Baseball Hall of Fame member Mickey Mantle played for the 1949 Independence Yankees, his first professional season. Hall of Famer Burleigh Grimes was the manager of the 1948 Independence Yankees.

==History==
Baseball in Independence started with a team in the Kansas State League in 1896. From 1906 to 1911 Independence teams played in four leagues with four different nicknames. From 1921 to 1932, the Independence Producers played as members of the Southwestern League (1921–1924) and the Western Association (1925–1932). The 1921 Producers finished with an overall record of 100–38 and the team is ranked on The National Baseball Association's top 100 minor league teams of all–time.

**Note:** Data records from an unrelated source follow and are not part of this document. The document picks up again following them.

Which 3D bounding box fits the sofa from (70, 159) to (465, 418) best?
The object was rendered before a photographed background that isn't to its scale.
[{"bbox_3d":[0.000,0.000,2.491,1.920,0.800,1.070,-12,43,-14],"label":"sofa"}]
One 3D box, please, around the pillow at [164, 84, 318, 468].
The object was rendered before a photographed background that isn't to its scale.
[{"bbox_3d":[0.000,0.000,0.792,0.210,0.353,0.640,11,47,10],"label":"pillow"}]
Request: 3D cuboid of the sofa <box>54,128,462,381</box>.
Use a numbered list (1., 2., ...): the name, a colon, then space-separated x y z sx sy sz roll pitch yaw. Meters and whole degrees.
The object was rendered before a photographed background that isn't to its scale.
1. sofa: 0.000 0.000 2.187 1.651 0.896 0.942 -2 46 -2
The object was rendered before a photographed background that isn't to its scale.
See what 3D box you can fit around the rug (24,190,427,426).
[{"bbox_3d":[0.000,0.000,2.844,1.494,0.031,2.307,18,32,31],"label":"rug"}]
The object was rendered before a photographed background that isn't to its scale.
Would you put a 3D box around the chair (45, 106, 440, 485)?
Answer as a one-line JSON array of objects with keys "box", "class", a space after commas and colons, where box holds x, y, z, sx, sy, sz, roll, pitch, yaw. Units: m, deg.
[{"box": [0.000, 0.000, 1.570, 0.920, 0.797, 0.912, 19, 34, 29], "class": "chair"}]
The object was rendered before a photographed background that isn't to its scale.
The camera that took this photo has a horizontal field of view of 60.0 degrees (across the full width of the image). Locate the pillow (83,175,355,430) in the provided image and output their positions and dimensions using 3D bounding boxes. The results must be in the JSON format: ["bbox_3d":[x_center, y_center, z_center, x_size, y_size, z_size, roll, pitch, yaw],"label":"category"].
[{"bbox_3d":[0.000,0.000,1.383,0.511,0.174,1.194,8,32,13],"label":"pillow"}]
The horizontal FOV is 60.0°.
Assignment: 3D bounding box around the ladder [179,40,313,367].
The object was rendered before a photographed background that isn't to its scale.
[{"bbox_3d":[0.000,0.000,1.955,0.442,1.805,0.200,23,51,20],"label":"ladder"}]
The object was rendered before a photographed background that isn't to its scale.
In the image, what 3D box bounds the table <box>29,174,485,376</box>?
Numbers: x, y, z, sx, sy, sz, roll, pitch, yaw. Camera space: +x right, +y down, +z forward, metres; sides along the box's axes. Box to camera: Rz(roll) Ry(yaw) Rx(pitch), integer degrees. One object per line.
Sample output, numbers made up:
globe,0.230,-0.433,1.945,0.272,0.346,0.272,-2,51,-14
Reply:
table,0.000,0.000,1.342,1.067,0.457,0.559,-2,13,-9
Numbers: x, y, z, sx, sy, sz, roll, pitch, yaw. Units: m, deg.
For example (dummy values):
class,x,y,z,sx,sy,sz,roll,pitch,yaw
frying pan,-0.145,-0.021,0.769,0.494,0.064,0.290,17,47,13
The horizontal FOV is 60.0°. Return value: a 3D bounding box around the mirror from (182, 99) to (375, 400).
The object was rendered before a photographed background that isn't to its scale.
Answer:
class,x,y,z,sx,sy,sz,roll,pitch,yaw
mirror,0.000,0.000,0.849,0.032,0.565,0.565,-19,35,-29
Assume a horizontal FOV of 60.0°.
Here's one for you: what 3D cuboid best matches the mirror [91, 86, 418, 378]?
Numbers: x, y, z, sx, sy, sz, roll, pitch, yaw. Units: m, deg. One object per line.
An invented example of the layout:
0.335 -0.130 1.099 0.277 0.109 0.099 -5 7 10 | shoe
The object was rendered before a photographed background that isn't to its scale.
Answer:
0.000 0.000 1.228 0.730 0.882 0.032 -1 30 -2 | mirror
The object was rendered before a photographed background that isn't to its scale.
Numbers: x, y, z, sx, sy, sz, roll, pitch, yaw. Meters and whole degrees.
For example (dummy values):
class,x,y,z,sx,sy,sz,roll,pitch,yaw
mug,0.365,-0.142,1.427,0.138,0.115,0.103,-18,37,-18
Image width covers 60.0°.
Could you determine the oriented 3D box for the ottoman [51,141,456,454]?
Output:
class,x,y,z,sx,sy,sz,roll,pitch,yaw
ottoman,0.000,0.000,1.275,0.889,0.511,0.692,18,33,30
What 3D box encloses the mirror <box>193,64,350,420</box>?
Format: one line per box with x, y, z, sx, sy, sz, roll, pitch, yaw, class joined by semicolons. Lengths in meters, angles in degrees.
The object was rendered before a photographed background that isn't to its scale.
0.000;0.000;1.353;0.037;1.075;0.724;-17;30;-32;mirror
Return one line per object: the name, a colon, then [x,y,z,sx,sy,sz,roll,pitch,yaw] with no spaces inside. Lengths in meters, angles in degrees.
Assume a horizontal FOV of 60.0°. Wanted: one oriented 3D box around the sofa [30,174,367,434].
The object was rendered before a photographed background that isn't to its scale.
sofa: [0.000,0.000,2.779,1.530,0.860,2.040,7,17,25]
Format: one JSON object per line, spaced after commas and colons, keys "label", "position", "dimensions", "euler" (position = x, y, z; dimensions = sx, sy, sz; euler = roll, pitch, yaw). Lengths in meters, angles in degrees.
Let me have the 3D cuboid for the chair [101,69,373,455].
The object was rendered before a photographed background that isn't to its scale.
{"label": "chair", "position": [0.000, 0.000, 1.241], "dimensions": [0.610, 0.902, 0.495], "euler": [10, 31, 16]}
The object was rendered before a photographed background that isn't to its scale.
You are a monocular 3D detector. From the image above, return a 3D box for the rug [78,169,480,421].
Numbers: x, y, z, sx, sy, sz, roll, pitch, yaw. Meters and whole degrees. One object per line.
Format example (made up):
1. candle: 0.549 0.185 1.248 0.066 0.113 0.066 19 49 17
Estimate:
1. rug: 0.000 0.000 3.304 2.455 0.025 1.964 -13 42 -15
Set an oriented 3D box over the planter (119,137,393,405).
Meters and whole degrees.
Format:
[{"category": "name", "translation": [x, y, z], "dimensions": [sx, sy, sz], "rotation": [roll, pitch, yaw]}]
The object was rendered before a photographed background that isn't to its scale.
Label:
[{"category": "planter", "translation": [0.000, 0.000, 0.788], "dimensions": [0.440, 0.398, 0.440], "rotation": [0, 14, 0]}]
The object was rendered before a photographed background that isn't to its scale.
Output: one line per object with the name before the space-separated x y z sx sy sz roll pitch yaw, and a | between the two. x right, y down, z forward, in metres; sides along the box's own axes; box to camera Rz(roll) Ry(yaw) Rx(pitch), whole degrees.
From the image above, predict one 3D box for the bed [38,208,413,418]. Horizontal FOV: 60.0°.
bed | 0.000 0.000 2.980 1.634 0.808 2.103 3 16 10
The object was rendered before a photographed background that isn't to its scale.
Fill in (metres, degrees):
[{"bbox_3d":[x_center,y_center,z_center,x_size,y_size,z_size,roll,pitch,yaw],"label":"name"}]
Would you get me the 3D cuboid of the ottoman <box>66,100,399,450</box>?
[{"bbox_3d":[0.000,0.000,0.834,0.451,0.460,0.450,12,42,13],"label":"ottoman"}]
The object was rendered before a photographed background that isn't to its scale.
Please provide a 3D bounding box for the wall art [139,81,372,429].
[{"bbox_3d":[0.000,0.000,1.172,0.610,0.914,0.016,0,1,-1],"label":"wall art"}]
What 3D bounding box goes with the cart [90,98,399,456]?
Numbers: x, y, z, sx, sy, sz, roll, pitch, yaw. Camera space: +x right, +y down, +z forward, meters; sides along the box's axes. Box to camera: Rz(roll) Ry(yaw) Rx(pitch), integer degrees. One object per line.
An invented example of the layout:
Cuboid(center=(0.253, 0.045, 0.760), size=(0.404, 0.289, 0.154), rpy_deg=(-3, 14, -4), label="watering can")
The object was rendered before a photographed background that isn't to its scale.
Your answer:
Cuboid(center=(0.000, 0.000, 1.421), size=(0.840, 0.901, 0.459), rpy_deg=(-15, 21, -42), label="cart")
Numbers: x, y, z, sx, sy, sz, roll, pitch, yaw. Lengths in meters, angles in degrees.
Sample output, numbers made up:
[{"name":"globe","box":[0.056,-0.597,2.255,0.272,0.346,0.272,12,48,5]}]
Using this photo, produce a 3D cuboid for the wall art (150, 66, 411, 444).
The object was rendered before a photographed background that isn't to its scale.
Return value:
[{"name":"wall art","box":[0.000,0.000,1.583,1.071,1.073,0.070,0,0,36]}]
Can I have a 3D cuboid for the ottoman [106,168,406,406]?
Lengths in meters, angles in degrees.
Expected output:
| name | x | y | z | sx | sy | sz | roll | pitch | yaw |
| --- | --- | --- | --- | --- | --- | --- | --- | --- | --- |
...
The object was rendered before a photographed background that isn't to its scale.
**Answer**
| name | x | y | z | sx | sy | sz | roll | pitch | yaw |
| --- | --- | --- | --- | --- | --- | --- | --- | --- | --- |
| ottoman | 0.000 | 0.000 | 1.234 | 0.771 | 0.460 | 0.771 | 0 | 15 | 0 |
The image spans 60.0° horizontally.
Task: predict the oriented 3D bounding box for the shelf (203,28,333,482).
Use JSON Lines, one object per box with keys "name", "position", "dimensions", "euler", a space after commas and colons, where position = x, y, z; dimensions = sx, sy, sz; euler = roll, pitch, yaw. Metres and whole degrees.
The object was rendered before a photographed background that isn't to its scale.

On August 9, 1908 Gene Packard pitched a perfect game for the Independence Jewelers against the Bartlesville Boosters, with 10 strikeouts.

On July 2, 1930, Independence pitcher Colonel Bob House had nineteen strikeouts against the Springfield Midgets, which was a Western Association league record for strikeouts in a single game. Four days later the Producers had eight home runs in a game against the Muskogee Chiefs setting a league record.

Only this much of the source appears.